ABF Dihedral

Dear Lammps users,

I am using lammps-16May18 version to do free-energy calculations using ABF method. Dihedral is my colvar. I broked my reaction coordinate into five windows and the first window spans from 0 to 46 degree, When I performing the free energy calculations I found that in .traj file the dihedral is reaching negative dihedral angles (eg: -52). To avoid this I have used hardlowerbound on but I didn’t see any difference.

As far as I know, this hardlowerbound will set to natural lower limit to the function(colvar). {eg: In case of distance lower limit is 0}

Can anyone please tell me how to restrict my simulations in specified boundaries.
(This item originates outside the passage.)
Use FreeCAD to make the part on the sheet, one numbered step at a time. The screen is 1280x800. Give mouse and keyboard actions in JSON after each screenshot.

Moreover, In the previous versions, there is an option called lowerwallconstant which is not there in the latest version.
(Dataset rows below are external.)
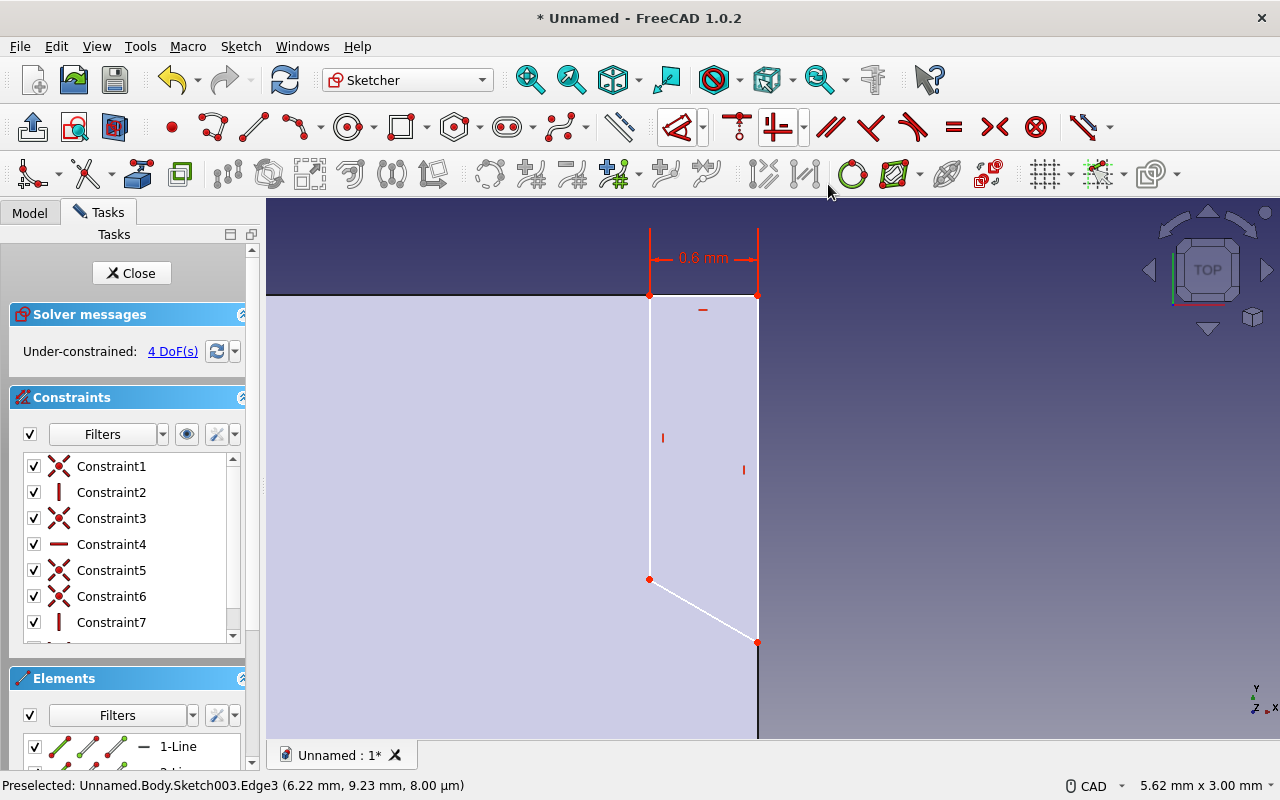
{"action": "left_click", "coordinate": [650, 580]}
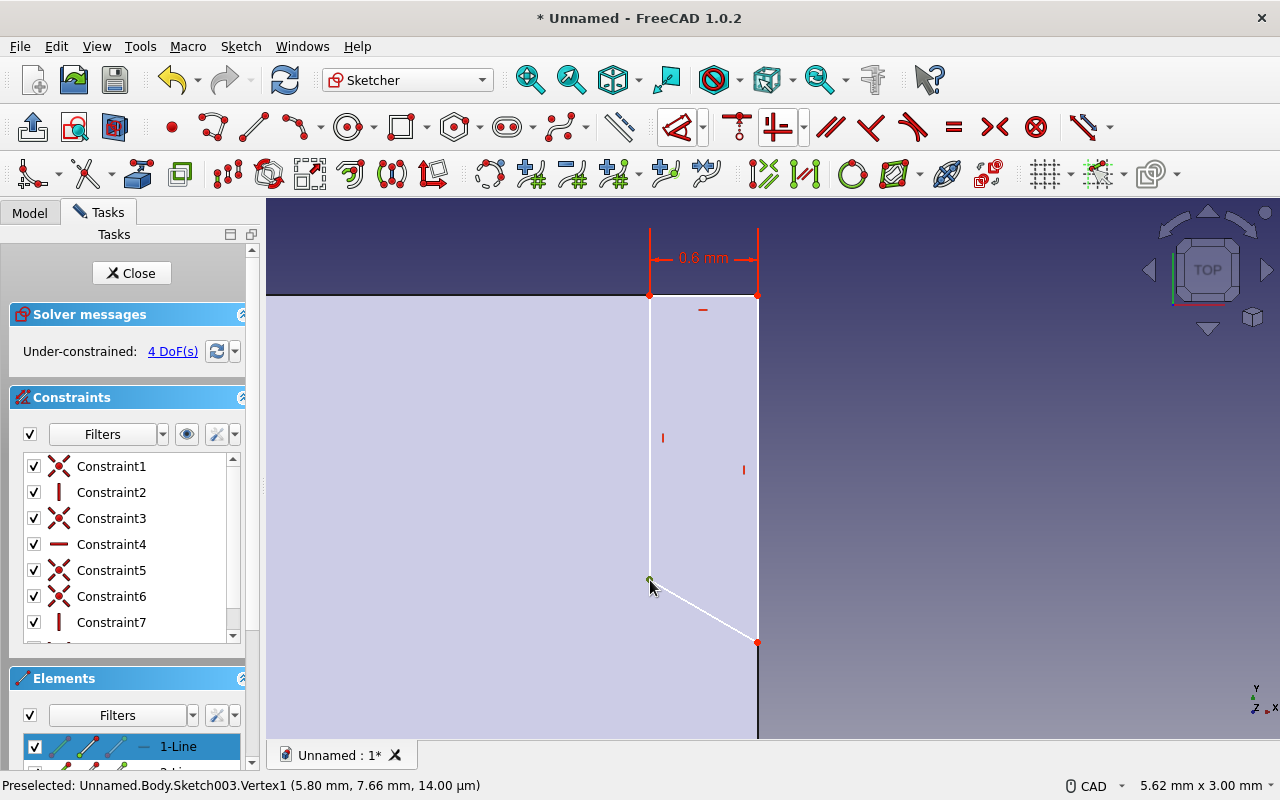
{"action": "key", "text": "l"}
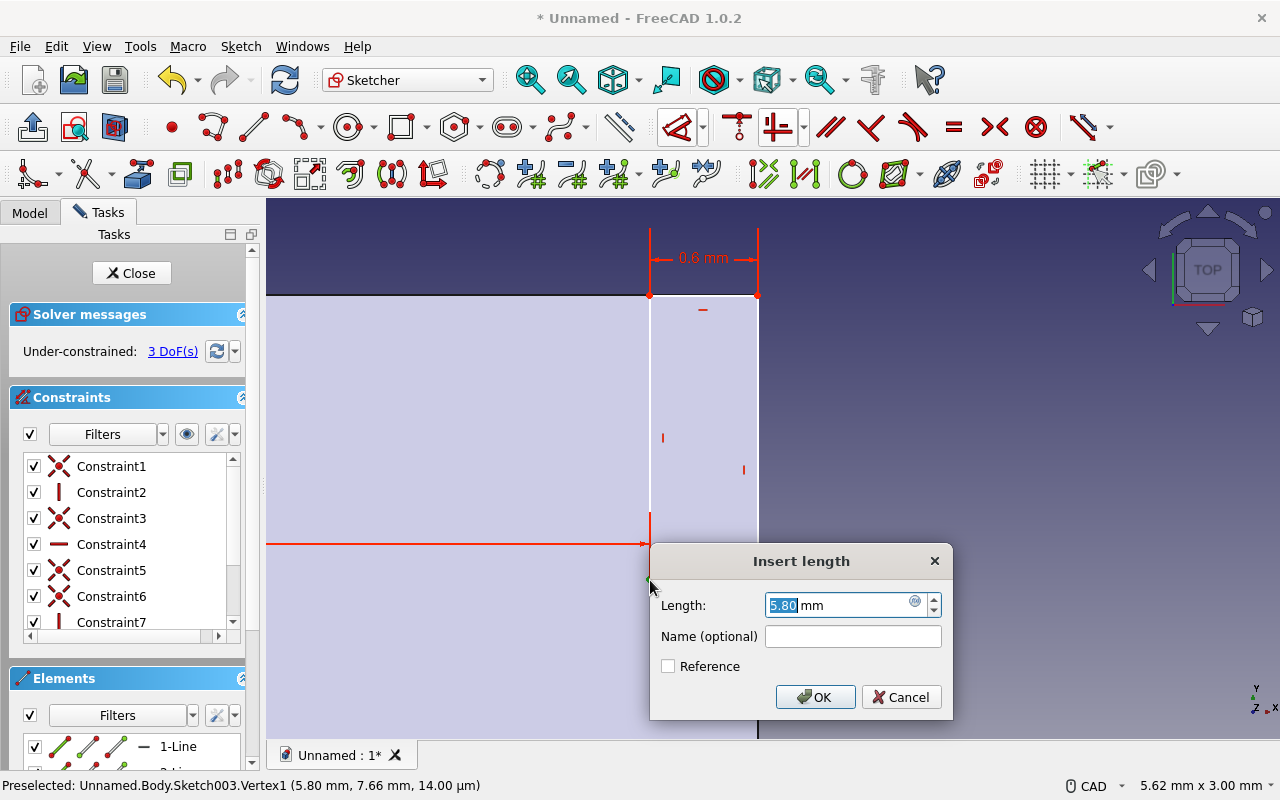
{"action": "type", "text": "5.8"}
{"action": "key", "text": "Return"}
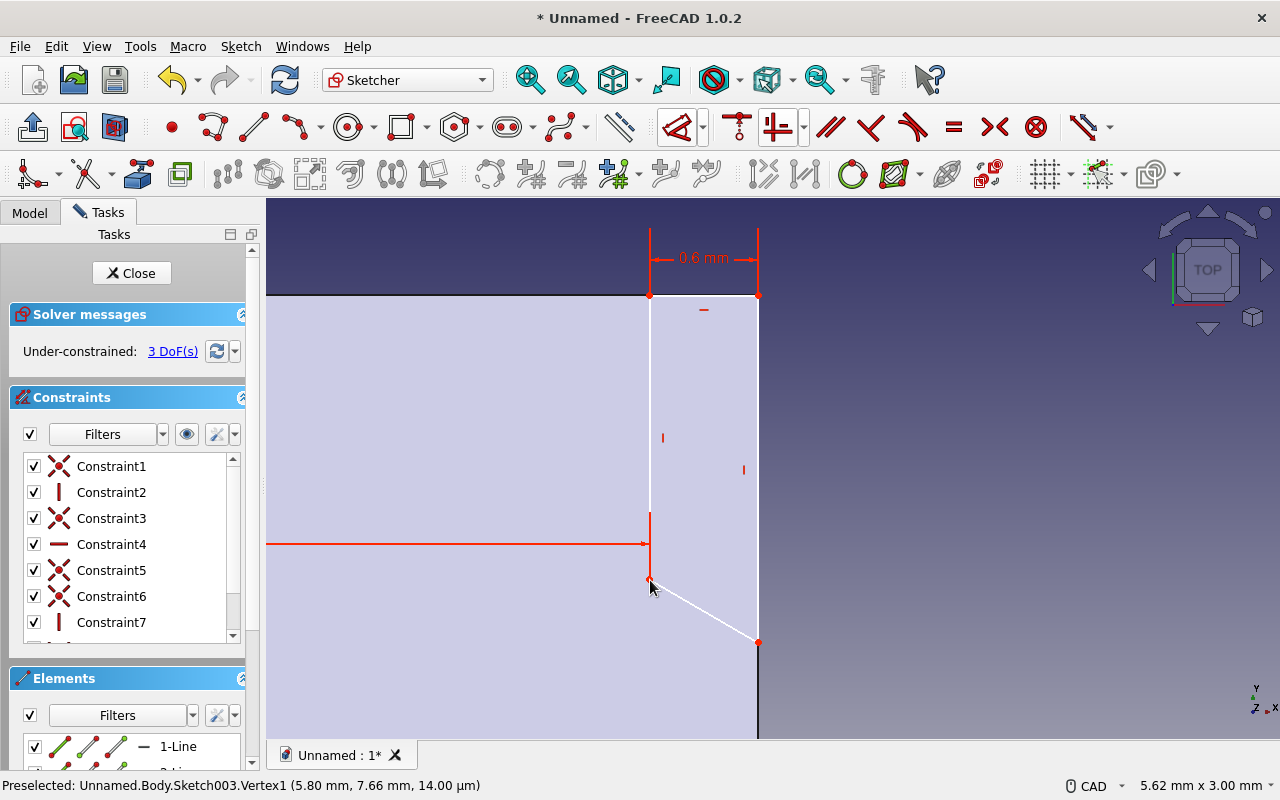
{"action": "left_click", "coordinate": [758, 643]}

I want to calculate the correlation length for the series of biasing forces for that I have to get the instantaneous force on the colvar. From the documentation, I found that “Outputappliedforce on” gives the magnitude of the force. But from the simulations, I found that the force is zero. There is another option “OutputTotalForce on” which gives me non-zero forces under (fk_{name}) name. The distribution of the fk_{name} looks like Gaussian distribution. So please tell me which forces I have to take to calculate error bars.

Thanks,
Divya.

Hello Divya, please check the documentation for wall potentials:
http://colvars.github.io/colvars-refman-lammps/colvars-refman-lammps.html#sec:colvarbias_harmonic_walls
and for the convention used for the dihedral:
http://colvars.github.io/colvars-refman-lammps/colvars-refman-lammps.html#sec:cvc_periodic

The option lowerwallconstant has been replaced by harmonicWalls, but the old syntax is still honored so that older scripts won’t break.

You also misunderstood the meaning of hardlowerboundary (in addition to misspelling it):
http://colvars.github.io/colvars-refman-lammps/colvars-refman-lammps.html#sec:colvar_general
where it says clearly “This option does not affect simulation results, but enables some internal optimizations.

Lastly, what do you want to compute the error bars of? Please do realize that while an arithmetic mean of a set is a well-defined quantity, measures of dispersion (i.e. error bars) assume that you have a good idea of the underlying statistical distribution of the property you are interested in. Based on that, you can choose a method to estimate this distribution, and only after you decide you can ask clarifications on the technical details about the method of your choice.